Personal information
- Native name: Владислав Игоревич Мирзоев
- Full name: Vladislav Igorevich Mirzoev
- Born: 21 November 1996 (age 29) Vladikavkaz, North Ossetia, Russian Federation
- Home town: Saint Petersburg
- Height: 1.78 m (5 ft 10 in)

Figure skating career
- Country: Russia
- Partner: Anastasia Mishina
- Coach: Nikolai Velikov, Ludmila Velikova
- Skating club: Olympic School St. Petersburg
- Began skating: 2007

Medal record
Representing Russia
Figure skating: Pairs
World Junior Championships
| Silver medal – second place | 2016 Debrecen | Pairs |
Junior Grand Prix Final
| Gold medal – first place | 2016–17 Marseille | Pairs |

= Vladislav Mirzoev =

Russian pair skater

Vladislav Igorevich Mirzoev (Владислав Игоревич Мирзоев, born 21 November 1996) is a Russian pair skater. With his former partner, Anastasia Mishina, he is the 2016 World Junior silver medalist and the 2016 JGP Final champion. On the national level, they are the 2016 Russian Junior champion.

== Personal life ==
Mirzoev was born on 21 November 1996 in Vladikavkaz, North Ossetia, Russian Federation. Around 2014, he enrolled at the Lesgaft Institute of Physiculture in Saint Petersburg.

== Career ==
Mirzoev began skating in 2007 after an ice rink opened in Vladikavkaz. As a singles skater, he was coached by Alexandr Mugdusov in Vladikavkaz, by Nadyr Kurbanov in Rostov-on-Don (2011–13), and by Alla Piatova in Saint Petersburg (2013–14).

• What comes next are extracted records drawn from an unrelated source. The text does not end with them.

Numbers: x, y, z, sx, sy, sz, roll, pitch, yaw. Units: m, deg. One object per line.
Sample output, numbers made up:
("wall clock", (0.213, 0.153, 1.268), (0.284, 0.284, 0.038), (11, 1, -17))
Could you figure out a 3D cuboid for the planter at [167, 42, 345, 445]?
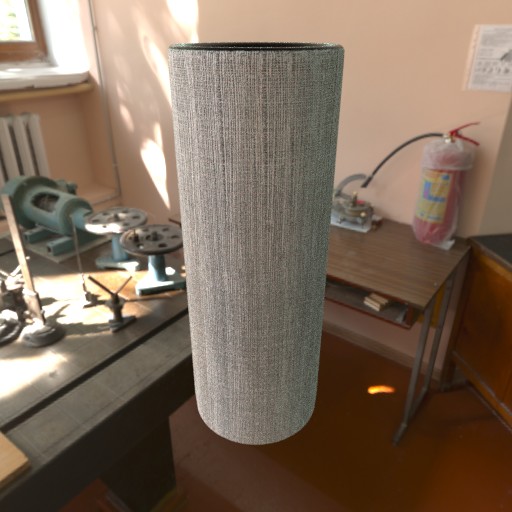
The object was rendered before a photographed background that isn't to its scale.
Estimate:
("planter", (0.000, 0.000, 0.314), (0.100, 0.270, 0.100), (-9, 29, -17))
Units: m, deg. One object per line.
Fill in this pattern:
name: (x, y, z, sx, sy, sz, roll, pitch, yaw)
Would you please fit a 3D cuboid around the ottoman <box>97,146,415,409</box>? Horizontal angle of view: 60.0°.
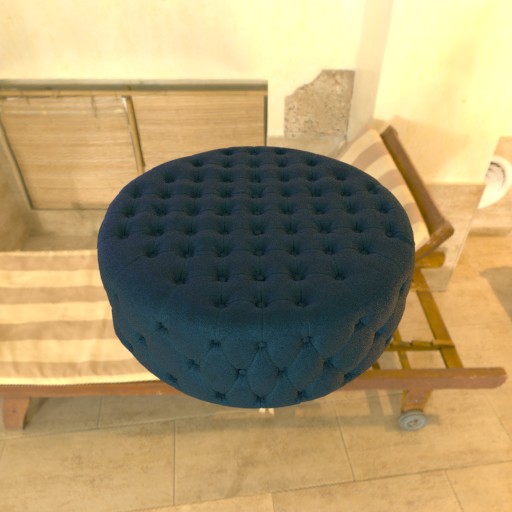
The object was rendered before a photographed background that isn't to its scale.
ottoman: (0.000, 0.000, 1.504, 0.998, 0.398, 0.998, 0, 40, 0)
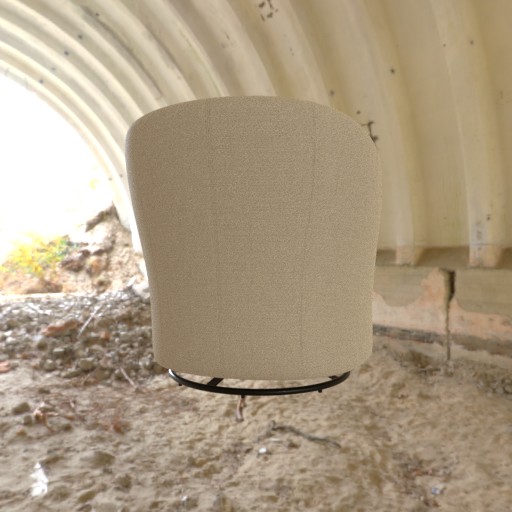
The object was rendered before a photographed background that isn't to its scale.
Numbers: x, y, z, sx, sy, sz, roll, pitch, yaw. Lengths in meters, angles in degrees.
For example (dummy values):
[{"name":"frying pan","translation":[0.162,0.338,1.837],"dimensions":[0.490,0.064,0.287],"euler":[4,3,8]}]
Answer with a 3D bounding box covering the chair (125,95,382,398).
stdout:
[{"name":"chair","translation":[0.000,0.000,1.447],"dimensions":[0.791,0.771,0.815],"euler":[0,-1,17]}]
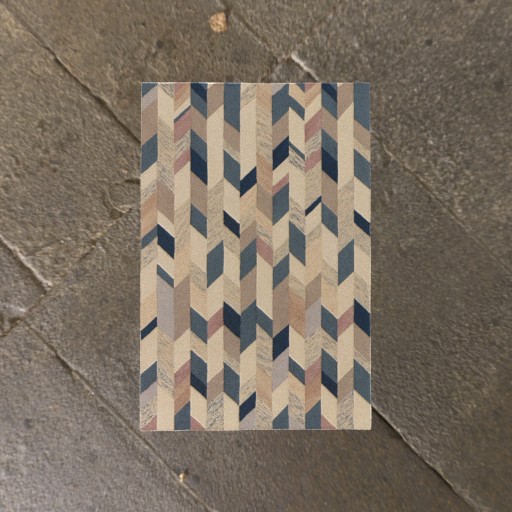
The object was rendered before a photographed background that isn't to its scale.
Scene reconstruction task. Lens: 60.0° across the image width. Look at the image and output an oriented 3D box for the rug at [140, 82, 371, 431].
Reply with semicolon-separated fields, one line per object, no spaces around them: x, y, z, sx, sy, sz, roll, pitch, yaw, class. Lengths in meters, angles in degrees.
0.000;0.000;2.307;1.202;0.006;1.813;0;90;-1;rug
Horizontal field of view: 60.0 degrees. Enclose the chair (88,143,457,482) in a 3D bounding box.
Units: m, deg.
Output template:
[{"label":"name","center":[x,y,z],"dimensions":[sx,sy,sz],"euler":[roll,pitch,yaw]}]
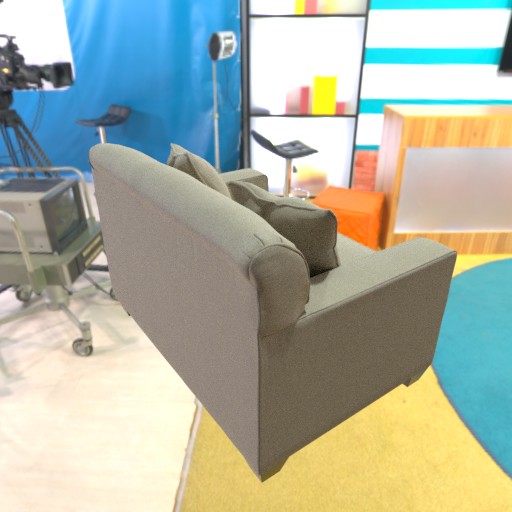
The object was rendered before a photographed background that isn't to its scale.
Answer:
[{"label":"chair","center":[0.000,0.000,2.016],"dimensions":[1.000,0.948,1.383],"euler":[-18,32,-31]}]
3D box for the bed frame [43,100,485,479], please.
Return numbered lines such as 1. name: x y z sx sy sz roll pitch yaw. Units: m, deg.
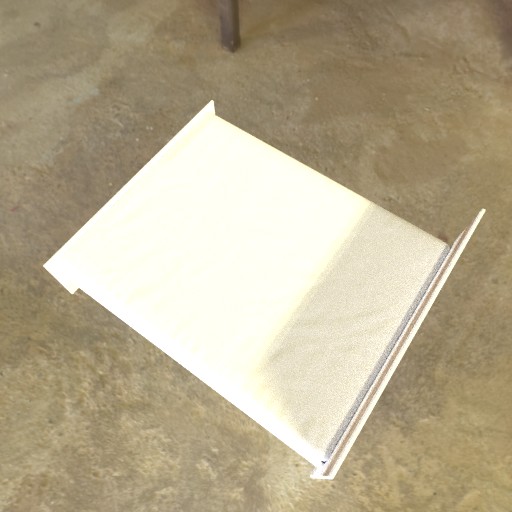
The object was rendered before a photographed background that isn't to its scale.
1. bed frame: 0.000 0.000 2.894 2.060 0.800 1.720 33 68 15
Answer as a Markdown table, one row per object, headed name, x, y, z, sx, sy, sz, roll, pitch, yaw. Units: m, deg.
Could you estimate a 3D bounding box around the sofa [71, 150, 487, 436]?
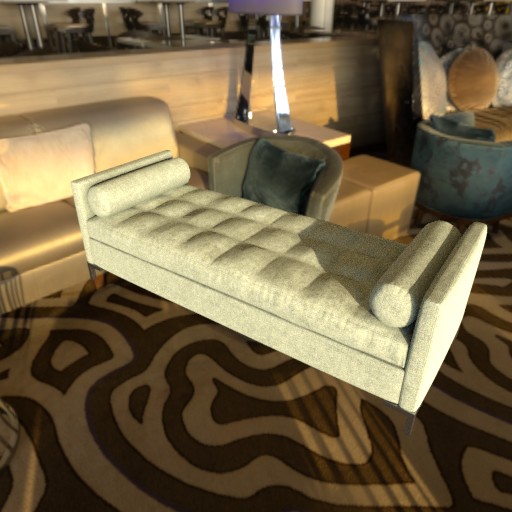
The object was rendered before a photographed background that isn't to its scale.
| name | x | y | z | sx | sy | sz | roll | pitch | yaw |
| --- | --- | --- | --- | --- | --- | --- | --- | --- | --- |
| sofa | 0.000 | 0.000 | 2.441 | 2.102 | 0.657 | 0.797 | 19 | 35 | 30 |
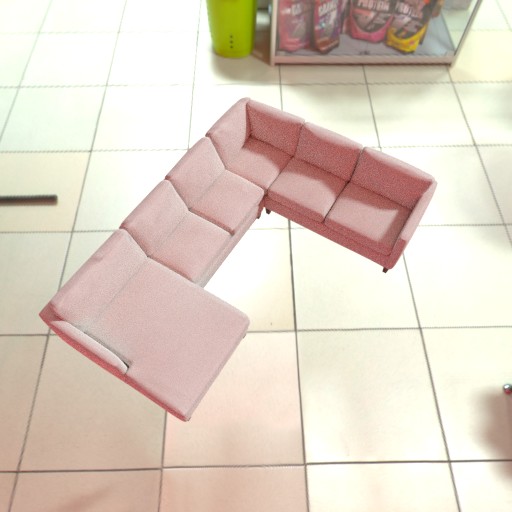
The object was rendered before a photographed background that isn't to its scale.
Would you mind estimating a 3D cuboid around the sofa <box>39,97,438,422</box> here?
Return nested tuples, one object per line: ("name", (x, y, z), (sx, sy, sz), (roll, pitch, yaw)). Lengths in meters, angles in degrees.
("sofa", (0.000, 0.000, 4.626), (2.593, 0.956, 3.459), (28, 64, 15))
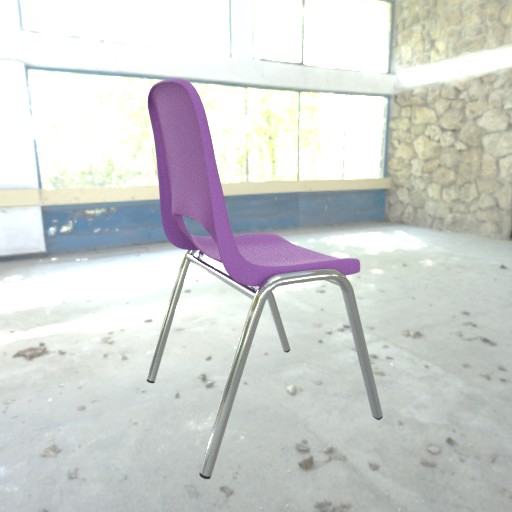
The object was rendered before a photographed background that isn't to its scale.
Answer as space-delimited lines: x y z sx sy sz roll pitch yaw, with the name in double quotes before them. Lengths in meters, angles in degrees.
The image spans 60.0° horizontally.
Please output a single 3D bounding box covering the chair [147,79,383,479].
"chair" 0.000 0.000 0.695 0.301 0.493 0.291 -6 14 -27
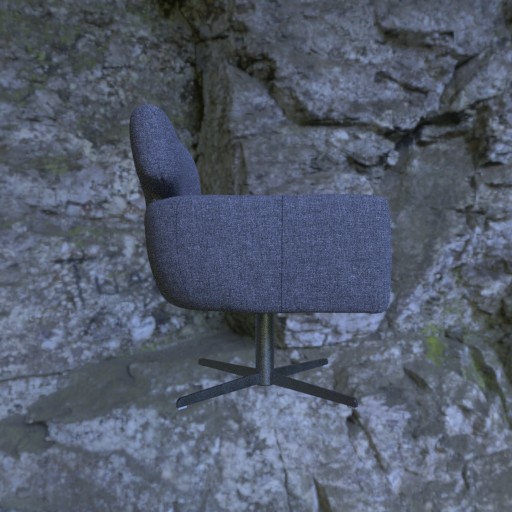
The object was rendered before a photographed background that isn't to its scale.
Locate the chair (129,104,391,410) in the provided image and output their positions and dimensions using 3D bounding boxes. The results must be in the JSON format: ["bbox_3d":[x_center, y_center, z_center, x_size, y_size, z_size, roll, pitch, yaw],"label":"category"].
[{"bbox_3d":[0.000,0.000,1.408,0.715,0.812,0.706,0,0,0],"label":"chair"}]
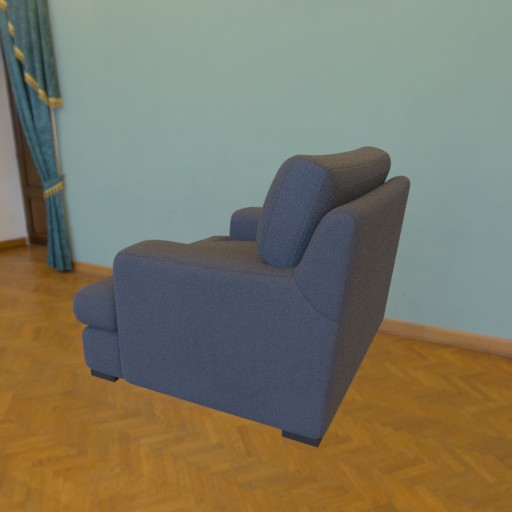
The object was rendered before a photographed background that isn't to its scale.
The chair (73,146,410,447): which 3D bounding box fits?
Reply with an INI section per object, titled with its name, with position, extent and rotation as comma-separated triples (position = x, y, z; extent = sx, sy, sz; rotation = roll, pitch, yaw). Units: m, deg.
[chair]
position = 0.000, 0.000, 1.985
extent = 1.143, 0.940, 1.168
rotation = 7, 17, 25
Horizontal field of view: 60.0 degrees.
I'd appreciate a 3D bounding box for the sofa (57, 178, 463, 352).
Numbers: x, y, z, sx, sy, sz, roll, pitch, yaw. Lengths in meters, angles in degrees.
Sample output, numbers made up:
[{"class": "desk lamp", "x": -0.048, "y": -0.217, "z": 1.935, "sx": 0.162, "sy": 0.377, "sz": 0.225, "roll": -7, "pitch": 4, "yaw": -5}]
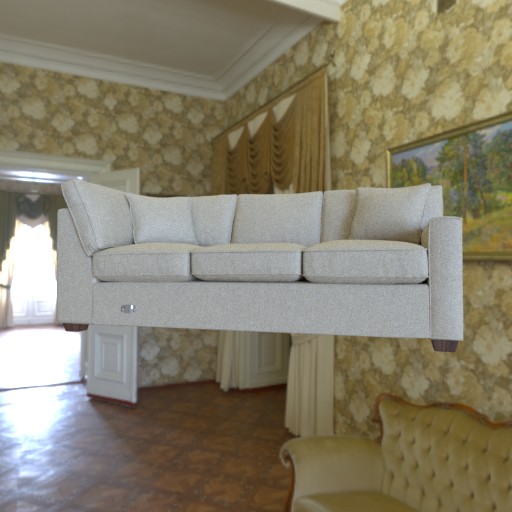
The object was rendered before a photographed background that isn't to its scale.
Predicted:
[{"class": "sofa", "x": 0.000, "y": 0.000, "z": 2.857, "sx": 2.323, "sy": 0.948, "sz": 1.053, "roll": -1, "pitch": -2, "yaw": 17}]
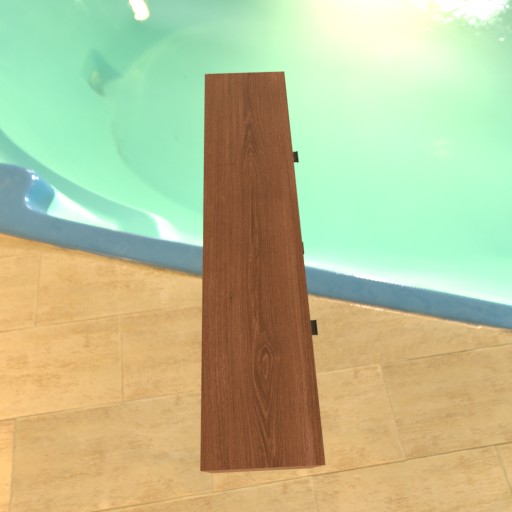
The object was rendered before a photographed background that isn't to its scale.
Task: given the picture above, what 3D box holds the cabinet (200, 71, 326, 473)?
[{"bbox_3d":[0.000,0.000,1.897,0.400,0.500,1.650,-2,63,-1],"label":"cabinet"}]
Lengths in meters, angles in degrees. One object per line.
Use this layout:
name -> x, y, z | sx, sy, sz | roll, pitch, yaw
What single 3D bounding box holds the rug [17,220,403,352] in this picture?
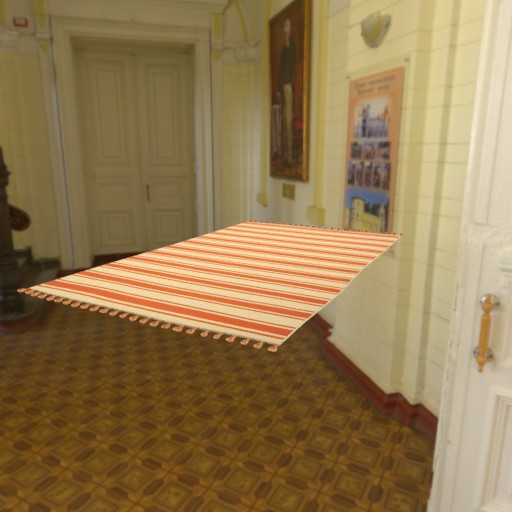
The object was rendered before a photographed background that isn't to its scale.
rug -> 0.000, 0.000, 2.508 | 1.232, 0.017, 2.092 | 7, 16, 27
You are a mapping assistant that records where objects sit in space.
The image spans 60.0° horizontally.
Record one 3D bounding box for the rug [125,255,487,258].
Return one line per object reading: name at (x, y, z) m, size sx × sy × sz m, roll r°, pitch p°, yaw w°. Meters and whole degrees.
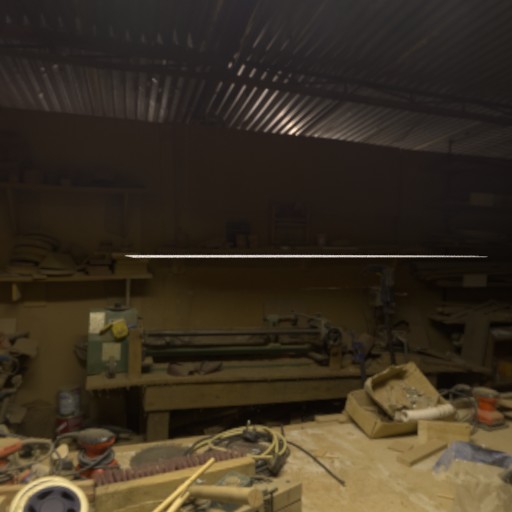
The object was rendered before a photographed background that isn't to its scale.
rug at (0.000, 0.000, 4.236) m, size 2.354 × 0.007 × 3.196 m, roll 0°, pitch 0°, yaw -17°
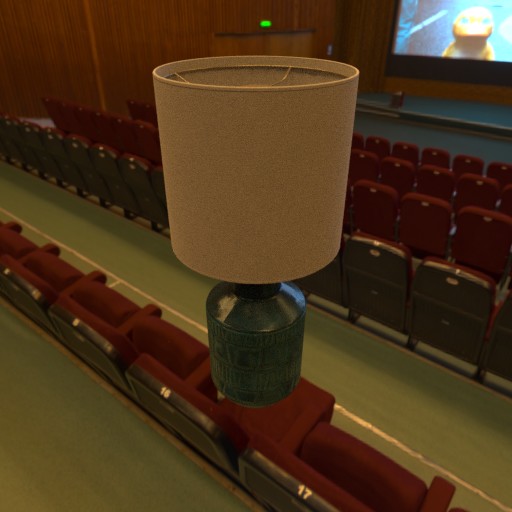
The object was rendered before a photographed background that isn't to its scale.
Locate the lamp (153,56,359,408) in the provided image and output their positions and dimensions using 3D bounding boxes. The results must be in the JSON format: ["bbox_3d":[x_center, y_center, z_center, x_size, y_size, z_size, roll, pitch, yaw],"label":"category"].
[{"bbox_3d":[0.000,0.000,0.578,0.211,0.455,0.211,22,37,33],"label":"lamp"}]
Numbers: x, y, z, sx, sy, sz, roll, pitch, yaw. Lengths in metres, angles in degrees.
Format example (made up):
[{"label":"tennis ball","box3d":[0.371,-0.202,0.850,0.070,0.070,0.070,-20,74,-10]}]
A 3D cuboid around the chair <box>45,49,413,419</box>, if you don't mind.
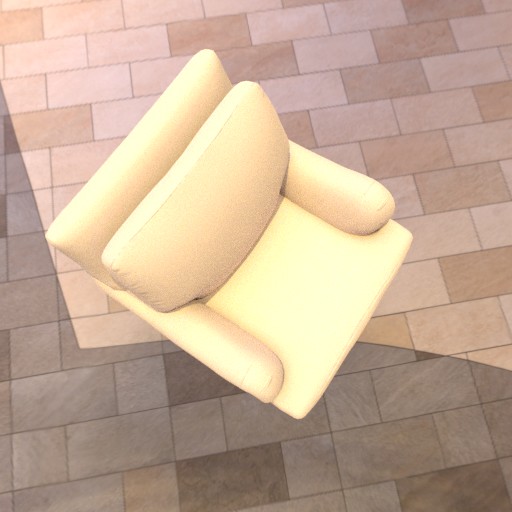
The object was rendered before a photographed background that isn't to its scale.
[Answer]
[{"label":"chair","box3d":[0.000,0.000,1.866,1.070,1.038,0.955,33,77,9]}]
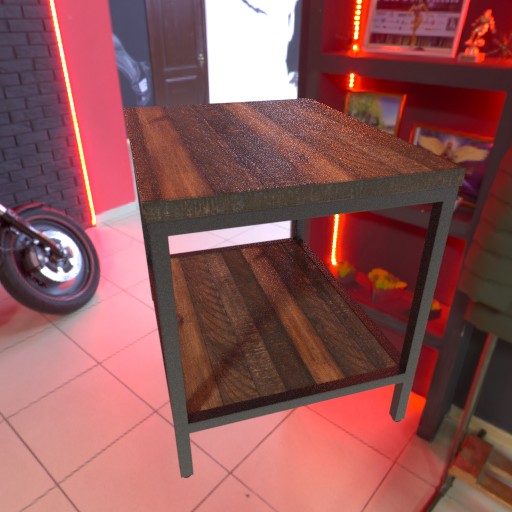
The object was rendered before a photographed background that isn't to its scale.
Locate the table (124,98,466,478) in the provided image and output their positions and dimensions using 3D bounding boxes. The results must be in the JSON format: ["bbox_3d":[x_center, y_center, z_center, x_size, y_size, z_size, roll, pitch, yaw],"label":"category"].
[{"bbox_3d":[0.000,0.000,1.097,0.524,0.612,0.678,-8,30,-14],"label":"table"}]
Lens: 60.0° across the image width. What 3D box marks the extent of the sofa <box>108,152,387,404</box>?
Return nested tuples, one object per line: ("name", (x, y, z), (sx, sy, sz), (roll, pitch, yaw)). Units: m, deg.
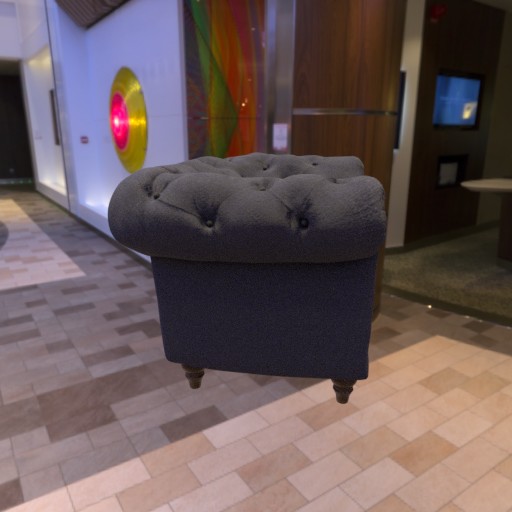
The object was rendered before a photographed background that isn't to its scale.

=== Partnership with Mishina ===
Mirzoev began pair skating in early 2014 when he teamed up with Anastasia Mishina. Coached by Nikolai Velikov and Ludmila Velikova, they won the junior pairs' title at the 2015 Bavarian Open, their first international event.

Mishina/Mirozev made their Junior Grand Prix (JGP) debut in September 2015, placing 5th in Colorado Springs, Colorado. It was the pair's sole assignment of the 2015–16 JGP series. In January 2016, they won gold at the Russian Junior Championships after placing first in both segments and outscoring silver medalists Amina Atakhanova / Ilia Spiridonov by a margin of 6.89 points. In February, they won their second consecutive Bavarian Open junior title, finishing ahead of Renata Ohanesian / Mark Bardei (silver) by 7.12 points.

In March, Mishina/Mirzoev won the silver medal at the 2016 World Junior Championships in Debrecen, Hungary, after placing second in both segments. They finished 9.22 points behind gold medalists Anna Dušková / Martin Bidař of the Czech Republic and 3.6 points ahead of teammates Ekaterina Borisova / Dmitry Sopot.

Mishina/Mirzoev were awarded gold at both of their 2016–17 JGP assignments, in Saransk, Russia, and Dresden, Germany. They were the top qualifiers at the JGP Final and won gold at the event, which was held in December in Marseille, France.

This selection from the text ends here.